Results and conclusionsThe supercoagulant had a milk coagulation time of (28±3) s at a 50 mg/mL concentration. Its fortified curd inhibited α-glucosidase and α-amylase activities, with IC50 values of (4.04±0.03) and (3.42±0.02) mg/mL, respectively. The average mass of the streptozotocin-induced diabetic rats fed daily with curd formed by the supercoagulant was (201±10) g on day 20 compared to diabetic control rats with (149±16) g. The blood glucose concentration for rats treated with the supercoagulant after fasting was (15±1) mmol/L compared to the diabetic control rats ((26±2) mmol/L). Blood tests on the treated rats showed aspartate aminotransferase, alanine transaminase, γ-glutamyl transferase and alkaline phosphatase (liver function tests) amounts of (214±78), (91±13), 3 and (510±38) U/L, respectively, while the total protein and renal function tests showed the concentrations of albumin, globulin, urea and creatinine of (37±2) g/L, (30±2) g/L, (11±1) mmol/L and (42±3) μmol/L, respectively. These concentrations were found to be similar to those of the normal rats on day 20. Furthermore, a histopathological study performed on the liver and kidney of the rats found no apparent damage.

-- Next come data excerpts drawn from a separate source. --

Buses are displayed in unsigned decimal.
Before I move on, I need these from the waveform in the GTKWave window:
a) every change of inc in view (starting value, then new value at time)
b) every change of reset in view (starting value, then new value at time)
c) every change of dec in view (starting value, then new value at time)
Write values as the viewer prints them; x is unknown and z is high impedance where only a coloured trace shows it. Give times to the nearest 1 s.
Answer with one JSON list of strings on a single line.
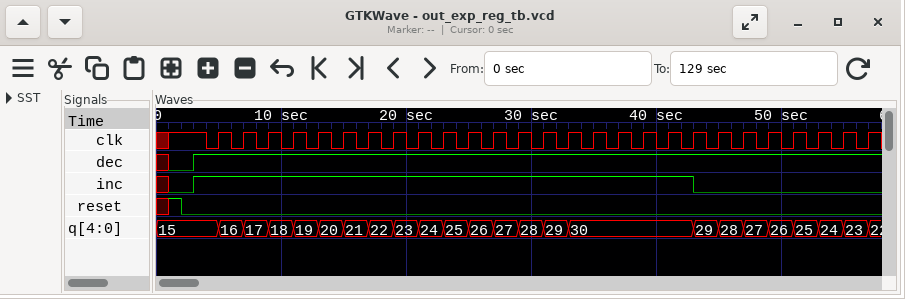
["x, 0 at 1 s, 1 at 3 s, 0 at 43 s", "x, 1 at 1 s, 0 at 2 s", "x, 0 at 1 s, 1 at 3 s"]
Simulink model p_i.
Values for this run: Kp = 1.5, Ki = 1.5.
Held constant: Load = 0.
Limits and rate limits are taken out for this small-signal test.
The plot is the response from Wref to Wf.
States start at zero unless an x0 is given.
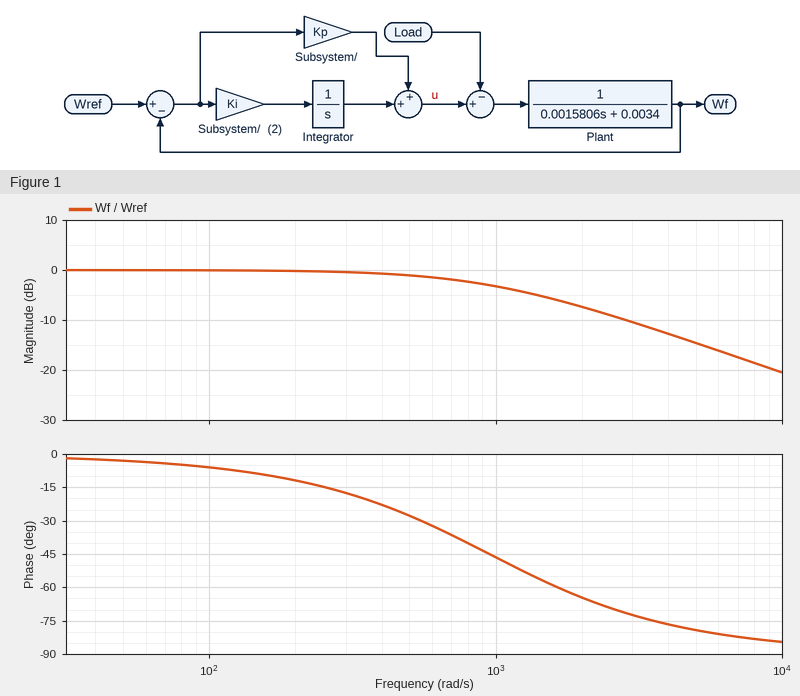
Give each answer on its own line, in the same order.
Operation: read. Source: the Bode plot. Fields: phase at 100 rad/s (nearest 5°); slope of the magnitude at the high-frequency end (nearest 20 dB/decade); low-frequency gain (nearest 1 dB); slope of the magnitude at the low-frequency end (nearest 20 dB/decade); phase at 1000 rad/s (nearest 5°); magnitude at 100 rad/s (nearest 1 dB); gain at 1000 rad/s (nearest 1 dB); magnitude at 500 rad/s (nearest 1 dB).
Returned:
-5°
-20 dB/decade
0 dB
0 dB/decade
-45°
0 dB
-3 dB
-1 dB
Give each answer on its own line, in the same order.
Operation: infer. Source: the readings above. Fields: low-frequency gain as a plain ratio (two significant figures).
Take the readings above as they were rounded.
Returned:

Novelty and scientific contributionThis supercoagulant derived from a mixture of fruits is able to coagulate milk rapidly, and its curd is fortified with safe antidiabetic agents. The supercoagulant is potentially useful in producing functional dairy food to prevent diabetes or as a supplement for diabetics to control their blood sugar. Such products are capable of replacing dairy products derived from animal enzymes and provide consumers with additional functional dairy products.